# Correlation and Mutual Information

[latexpage]

Mutual information is a quantification of the dependency between random variables. It is sometimes contrasted with linear correlation since mutual information captures nonlinear dependence. In this short note I will discuss the relationship between these quantities in the case of a bivariate Gaussian distribution, and I will explore two implications of that relationship.

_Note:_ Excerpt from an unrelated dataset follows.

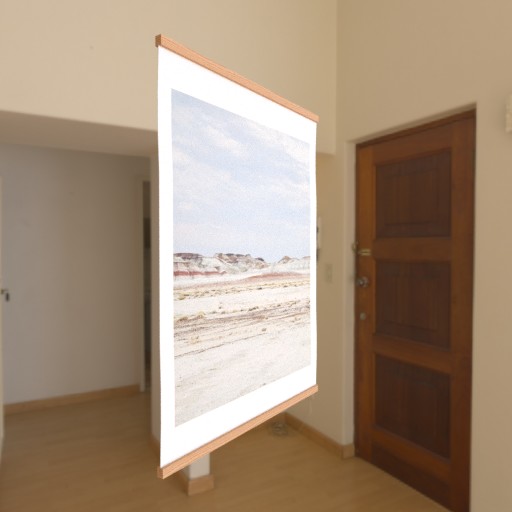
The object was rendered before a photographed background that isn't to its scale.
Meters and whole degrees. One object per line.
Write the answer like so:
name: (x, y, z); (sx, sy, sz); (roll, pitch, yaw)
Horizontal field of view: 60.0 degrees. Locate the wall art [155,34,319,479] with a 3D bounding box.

As shown below, in the case of $X$ and $Y$ having a bivariate Normal distribution, mutual information is a monotonic transformation of correlation,
$$I(X,Y) = -\frac{1}{2} \ln \left(1 – Corr(X,Y)^2 \right).$$
This relationship has a couple implications that I would like to highlight. First, it proves that lack of correlation in the bivariate Normal distribution implies independence, i.e. when the correlation between $X$ and $Y$ is zero, the mutual information will also be zero. More interestingly, if you are willing to assume that the marginal distributions of $X$ and $Y$ are Normal but you are not willing to assume joint normality, this result provides a lower bound on the mutual information between $X$ and $Y$. This lower bound follows from the maximum entropy property of the Normal distribution.

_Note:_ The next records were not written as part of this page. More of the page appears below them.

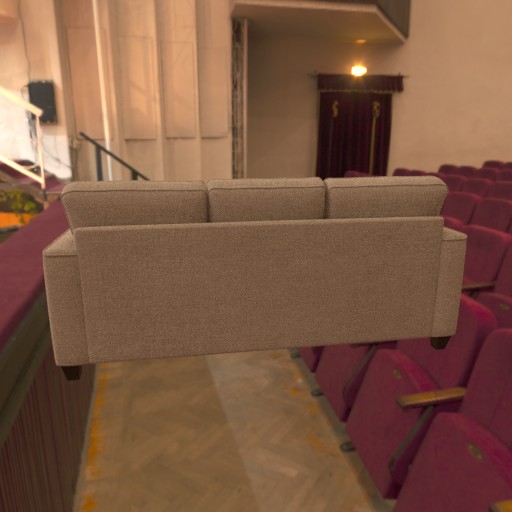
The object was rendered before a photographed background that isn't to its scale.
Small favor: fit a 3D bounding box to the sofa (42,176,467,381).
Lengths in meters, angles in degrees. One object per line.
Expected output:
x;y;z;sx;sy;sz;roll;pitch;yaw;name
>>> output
0.000;0.000;2.630;2.133;0.965;0.939;-2;15;-9;sofa

Formally, we have that the entropy of a univariate Gaussian random variable, $X$,
$$H(X) = \frac{1}{2} \ln (2\pi e \sigma_x^2).$$

For a bivariate Gaussian random variable, $(X,Y)$,
$$H(X,Y) = \frac{1}{2} \ln ((2\pi e)^2 (\sigma_x^2 \sigma_y^2 – \sigma_{xy}^2)),$$
where $\sigma_{xy}$ is the covariance of $X$ and $Y$.

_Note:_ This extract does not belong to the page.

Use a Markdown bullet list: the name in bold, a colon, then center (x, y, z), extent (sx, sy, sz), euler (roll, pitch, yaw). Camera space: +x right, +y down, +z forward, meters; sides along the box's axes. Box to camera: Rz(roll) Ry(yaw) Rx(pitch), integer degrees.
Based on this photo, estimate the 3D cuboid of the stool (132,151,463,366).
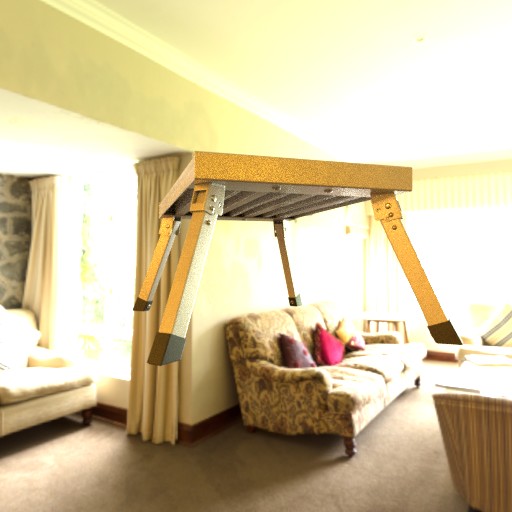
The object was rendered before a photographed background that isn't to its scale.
- **stool**: center (0.000, 0.000, 0.744), extent (0.385, 0.225, 0.535), euler (0, -1, -17)

Then the mutual information,
\begin{align*}
I(X,Y) &= H(X) + H(Y) – H(X,Y)
\\
&= \frac{1}{2} \ln
\left(
\frac{\sigma_x^2\sigma_y^2}{\sigma_x^2 \sigma_y^2 – \sigma_{xy}^2}
\right)
\\
&= \frac{1}{2} \ln
\left(
\frac{\sigma_y^2}{\sigma_y^2 – \sigma_{xy}^2/\sigma_x^2 }
\right)
\\
&= -\frac{1}{2} \ln
\left(
\frac{\sigma_y^2 – \sigma_{xy}^2/\sigma_x^2 }{\sigma_y^2}
\right)
\\
&= -\frac{1}{2} \ln
\left(1 –
\left(\frac{\sigma_{xy}}{\sigma_x \sigma_y}\right)^2
\right)
\\
&= -\frac{1}{2} \ln
\left(1 –
Corr(X,Y)^2
\right).
\end{align*}

The lower bound follows from the following argument. Consider two other random variables, $X’$ and $Y’$, that have the same covariance as $X$ and $Y$ but are jointly normally distributed. Note that since we have assumed that the marginal distributions of $X$ and $Y$ are Normal, we have $H(X) = H(X’)$ and $H(Y) = H(Y’)$, and by the maximum entropy property of the Normal distribution, we have $H(X,Y) \leq H(X’,Y’)$. The result is then straightforward:
\begin{align*}
I(X,Y) &= H(X) + H(Y) – H(X,Y)
\\
&\geq
H(X’) + H(Y’) – H(X’,Y’)
\\
&= -\frac{1}{2} \ln
\left(1 –
Corr(X’,Y’)^2
\right)
\\
&= -\frac{1}{2} \ln
\left(1 –
Corr(X,Y)^2
\right).
\end{align*}

Thanks are due to Vikash Mansinghka for suggesting the first part of this exercise.